Breastfeeding remains something that is often easier not to do – because we don’t talk about it, we don’t see people doing it, and we don’t cope with having breastfeeding mentioned, because it contains “the b word” – rejected by spam filters and society alike. New mums often have not seen anyone breastfeeding up close. They’re shy about feeding in public because the prevailing opinion is still, in 2010, that it is an embarrassing and shameful act that should happen behind closed doors.

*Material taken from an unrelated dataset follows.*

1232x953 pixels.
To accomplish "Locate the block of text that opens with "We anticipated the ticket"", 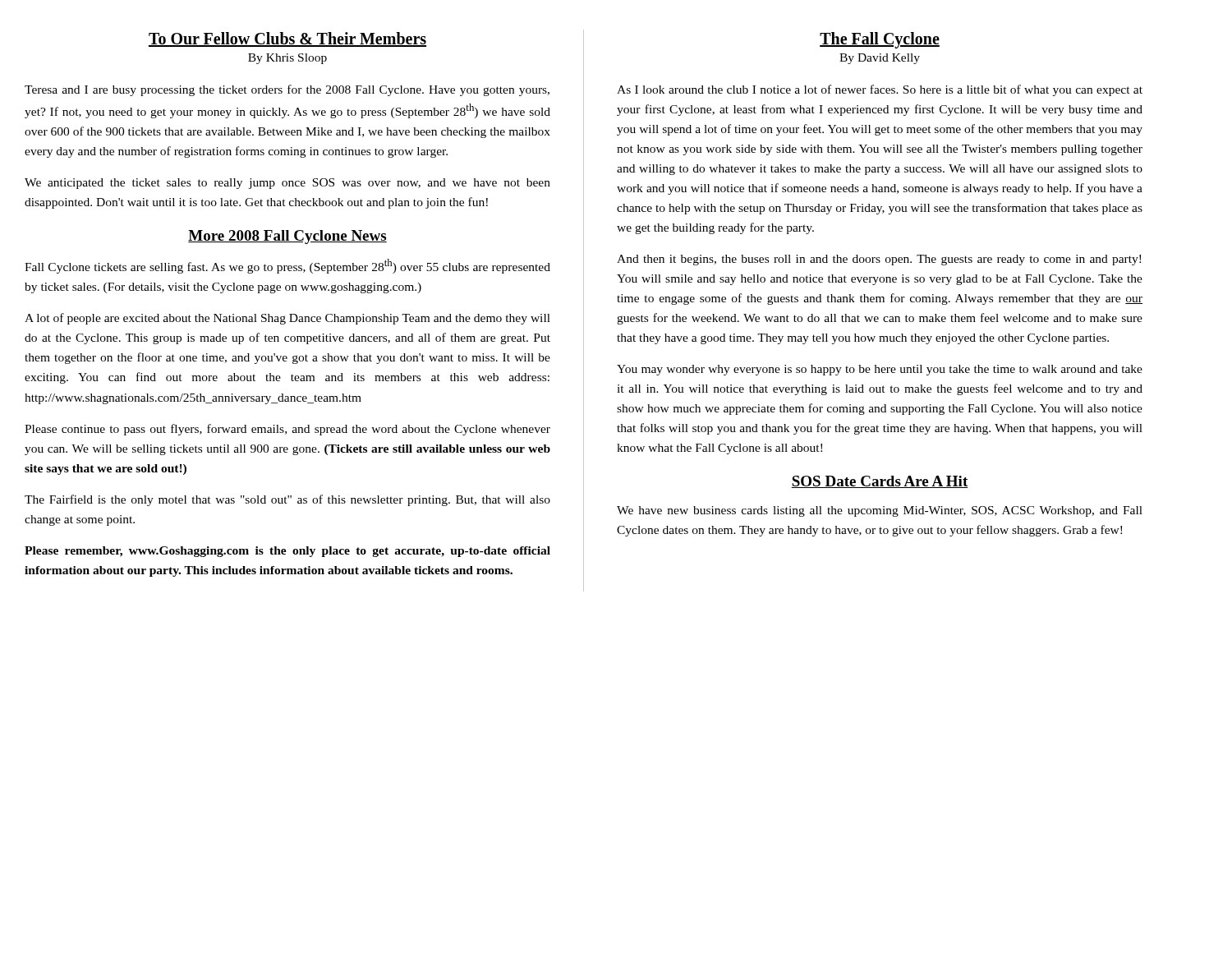I will coord(287,192).
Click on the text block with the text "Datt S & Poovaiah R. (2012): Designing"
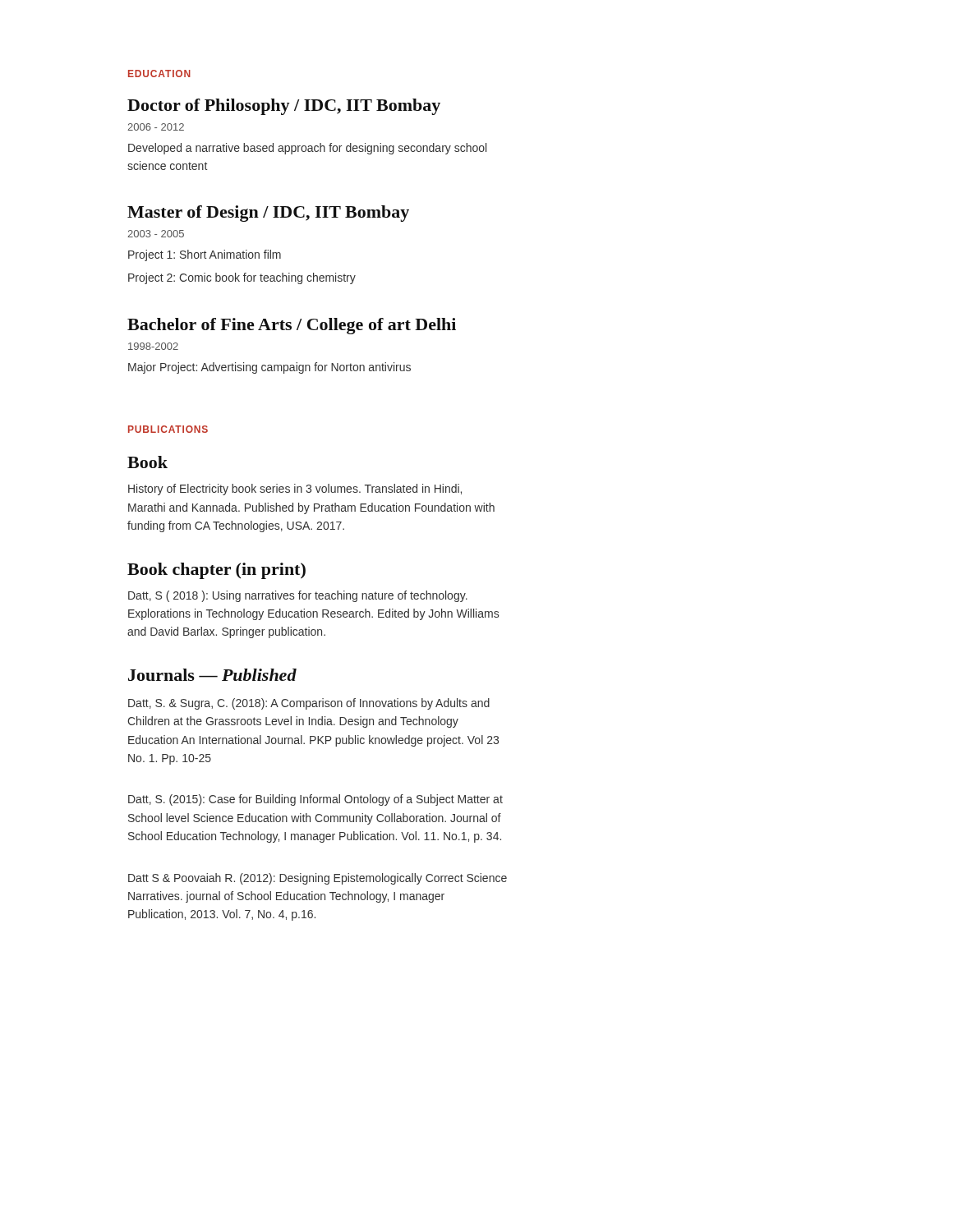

We still have companies telling their employees to breastfeed or express in the toilets. Would you want to eat lunch, or have your lunch prepared in the toilet? I am happy to say that I breastfed anywhere and everywhere – if my girls were hungry, or simply wanted a feed, they got one. On ferries. In trains. In restaurants. In shopping centres. In the street. In school. At work. And that should be normal. No-one should be made to feel embarrassed, ashamed or awkward about breastfeeding anywhere.

Breast, breast, breast, breast, breast. Get used to it!